By , Terry Sullivan
Published August 25, 2016
After exploring the surface of the moon in an Oculus Rift headset, I wrestled with a bout of nausea that lasted a few hours. (Next time, I’ll be sure to follow the manufacturer’s advice and take a 10-minute break after every half-hour of play.) This “simulator sickness”—similar to motion sickness—is a fairly common side effect caused by the brain’s struggle to square what you see with what you feel.
When I leap and soar in real life, my brain gets vestibular feedback from my inner ears. But in virtual reality, that feedback is absent. That’s why VR companies are rushing to fine-tune the motion tracking in their headsets and are even considering installing electrodes inside the devices to stimulate the brain. The military uses such electrodes to keep fighter pilots from getting sick in simulators.
For some users, the hefty headsets can cause pressure on the nose or cheeks. And then, of course, there’s always the risk of tripping over a coffee table while you’re off exploring the far reaches of the universe. That’s why many VR games put you in a seated position. To be safe, you might want to have a spotter with you before you cover your eyes with the goggles and make the leap into virtual space.
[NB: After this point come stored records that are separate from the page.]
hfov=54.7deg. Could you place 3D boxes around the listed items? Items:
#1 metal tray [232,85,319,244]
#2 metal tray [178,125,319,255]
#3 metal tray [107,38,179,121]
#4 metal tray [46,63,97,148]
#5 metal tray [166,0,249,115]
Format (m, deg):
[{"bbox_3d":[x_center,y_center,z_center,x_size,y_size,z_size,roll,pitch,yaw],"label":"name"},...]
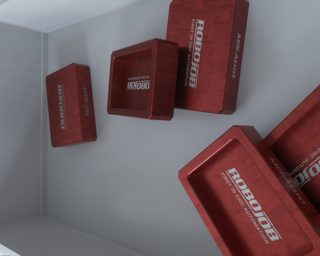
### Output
[{"bbox_3d":[0.142,0.033,0.286,0.129,0.030,0.090,-52,60,27],"label":"metal tray"},{"bbox_3d":[0.084,0.073,0.294,0.090,0.030,0.130,-45,63,30],"label":"metal tray"},{"bbox_3d":[-0.027,-0.059,0.398,0.130,0.030,0.089,9,96,58],"label":"metal tray"},{"bbox_3d":[-0.154,-0.036,0.531,0.090,0.030,0.129,-12,83,39],"label":"metal tray"},{"bbox_3d":[0.049,-0.085,0.364,0.090,0.030,0.129,10,97,39],"label":"metal tray"}]
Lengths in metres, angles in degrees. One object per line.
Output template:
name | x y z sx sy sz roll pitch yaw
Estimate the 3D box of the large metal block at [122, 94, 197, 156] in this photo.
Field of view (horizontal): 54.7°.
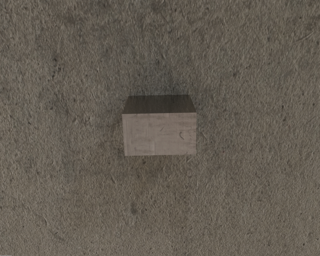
large metal block | 0.000 -0.006 0.380 0.081 0.080 0.050 -1 110 0
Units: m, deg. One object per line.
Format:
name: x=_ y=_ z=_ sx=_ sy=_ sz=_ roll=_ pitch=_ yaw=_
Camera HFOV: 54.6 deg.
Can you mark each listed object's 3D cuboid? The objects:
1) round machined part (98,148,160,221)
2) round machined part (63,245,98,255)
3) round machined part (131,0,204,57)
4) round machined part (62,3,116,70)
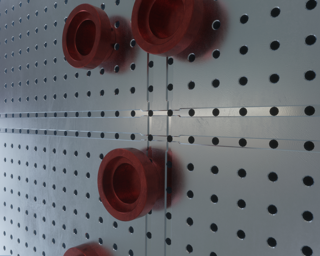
round machined part: x=-0.040 y=0.076 z=0.432 sx=0.098 sy=0.042 sz=0.097 roll=0 pitch=90 yaw=40
round machined part: x=-0.138 y=0.249 z=0.514 sx=0.098 sy=0.042 sz=0.097 roll=0 pitch=90 yaw=40
round machined part: x=0.013 y=-0.138 z=0.388 sx=0.098 sy=0.042 sz=0.097 roll=0 pitch=90 yaw=40
round machined part: x=-0.109 y=-0.140 z=0.489 sx=0.098 sy=0.042 sz=0.097 roll=0 pitch=90 yaw=40
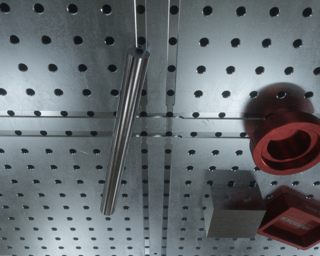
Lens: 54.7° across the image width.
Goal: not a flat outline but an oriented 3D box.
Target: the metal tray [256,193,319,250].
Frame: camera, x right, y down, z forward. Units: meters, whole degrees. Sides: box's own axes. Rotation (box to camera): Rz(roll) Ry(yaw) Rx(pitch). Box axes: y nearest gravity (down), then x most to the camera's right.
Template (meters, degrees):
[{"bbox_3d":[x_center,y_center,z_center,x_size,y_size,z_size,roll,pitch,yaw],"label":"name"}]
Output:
[{"bbox_3d":[0.244,0.172,0.556,0.131,0.030,0.089,24,126,-20],"label":"metal tray"}]

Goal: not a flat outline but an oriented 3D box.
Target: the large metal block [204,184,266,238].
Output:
[{"bbox_3d":[0.120,0.139,0.514,0.081,0.050,0.079,1,130,-2],"label":"large metal block"}]

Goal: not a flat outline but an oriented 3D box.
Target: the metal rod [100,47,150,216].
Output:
[{"bbox_3d":[-0.056,0.028,0.434,0.025,0.025,0.298,10,130,-8],"label":"metal rod"}]

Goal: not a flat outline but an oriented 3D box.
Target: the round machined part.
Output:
[{"bbox_3d":[0.169,0.016,0.416,0.099,0.042,0.097,0,130,0],"label":"round machined part"}]
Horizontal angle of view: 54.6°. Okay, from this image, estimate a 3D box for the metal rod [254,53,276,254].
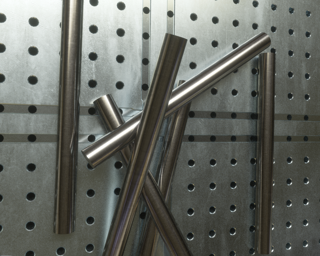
[{"bbox_3d":[0.159,0.037,0.470,0.025,0.025,0.298,1,90,-20],"label":"metal rod"}]

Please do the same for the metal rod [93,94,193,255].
[{"bbox_3d":[-0.004,0.096,0.385,0.025,0.025,0.299,-27,89,-18],"label":"metal rod"}]

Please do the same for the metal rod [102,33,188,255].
[{"bbox_3d":[-0.025,0.044,0.356,0.025,0.025,0.298,12,104,-20],"label":"metal rod"}]

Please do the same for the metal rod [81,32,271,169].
[{"bbox_3d":[0.035,-0.046,0.396,0.301,0.025,0.025,-35,102,-21],"label":"metal rod"}]

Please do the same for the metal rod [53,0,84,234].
[{"bbox_3d":[-0.109,-0.026,0.372,0.025,0.025,0.298,2,89,-20],"label":"metal rod"}]

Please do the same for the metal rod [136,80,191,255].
[{"bbox_3d":[0.001,0.083,0.412,0.025,0.025,0.299,15,85,-19],"label":"metal rod"}]
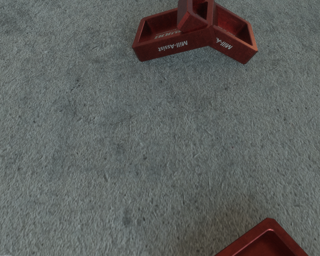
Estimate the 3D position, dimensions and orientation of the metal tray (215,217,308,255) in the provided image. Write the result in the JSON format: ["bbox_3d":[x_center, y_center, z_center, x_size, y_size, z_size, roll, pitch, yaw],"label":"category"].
[{"bbox_3d":[0.080,0.151,0.272,0.131,0.030,0.090,-26,55,-21],"label":"metal tray"}]

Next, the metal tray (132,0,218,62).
[{"bbox_3d":[0.026,-0.159,0.503,0.130,0.030,0.090,-9,47,21],"label":"metal tray"}]

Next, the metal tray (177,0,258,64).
[{"bbox_3d":[0.091,-0.164,0.498,0.131,0.030,0.090,22,45,-19],"label":"metal tray"}]
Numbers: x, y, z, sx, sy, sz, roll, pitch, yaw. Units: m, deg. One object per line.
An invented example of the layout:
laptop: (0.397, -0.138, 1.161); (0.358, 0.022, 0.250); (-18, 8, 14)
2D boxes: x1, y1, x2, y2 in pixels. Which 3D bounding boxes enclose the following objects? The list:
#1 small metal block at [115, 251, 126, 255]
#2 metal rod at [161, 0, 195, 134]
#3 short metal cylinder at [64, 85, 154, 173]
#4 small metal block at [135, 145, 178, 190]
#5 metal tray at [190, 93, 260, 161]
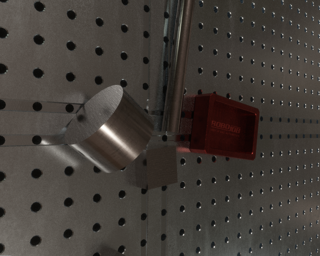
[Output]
small metal block: (-0.043, 0.179, 0.359); (0.025, 0.050, 0.050); (51, 60, -28)
metal rod: (0.033, -0.141, 0.438); (0.025, 0.025, 0.298); (12, 82, -40)
short metal cylinder: (-0.054, 0.000, 0.330); (0.050, 0.080, 0.080); (46, 62, -31)
small metal block: (-0.005, 0.050, 0.407); (0.050, 0.025, 0.050); (-5, 93, -40)
metal tray: (0.108, 0.002, 0.499); (0.131, 0.030, 0.090); (11, 83, -40)

VR’s immersive, role-playing prowess has been used to treat people suffering from depression and post-traumatic stress disorder. According to psychology professor Jim Blascovich, co-author of “Infinite Reality: The Hidden Blueprint of Our Virtual Lives” (William Morrow Paperbacks, 2012), it may be powerful enough to distract even young burn victims and significantly reduce their pain.
In fact, researchers are studying VR’s strong pull on the psyche to see whether it could be addictive. Stanford University psychiatrist Elias Aboujaoude, author of “Virtually You: The Dangerous Powers of the E-Personality” (W.W. Norton & Co., 2012), says it’s too soon to say. “We would all do well to approach VR with a certain degree of caution,” he adds. “As something to be enjoyed in measured doses, not something to get lost in.”
Until more is known, be sure to pause for those 10-minute breaks, and if you find yourself feeling nauseated, refrain from driving, cycling, or operating heavy machinery.
Editor's Note: This article also appeared in the October 2016 issue of Consumer Reports magazine.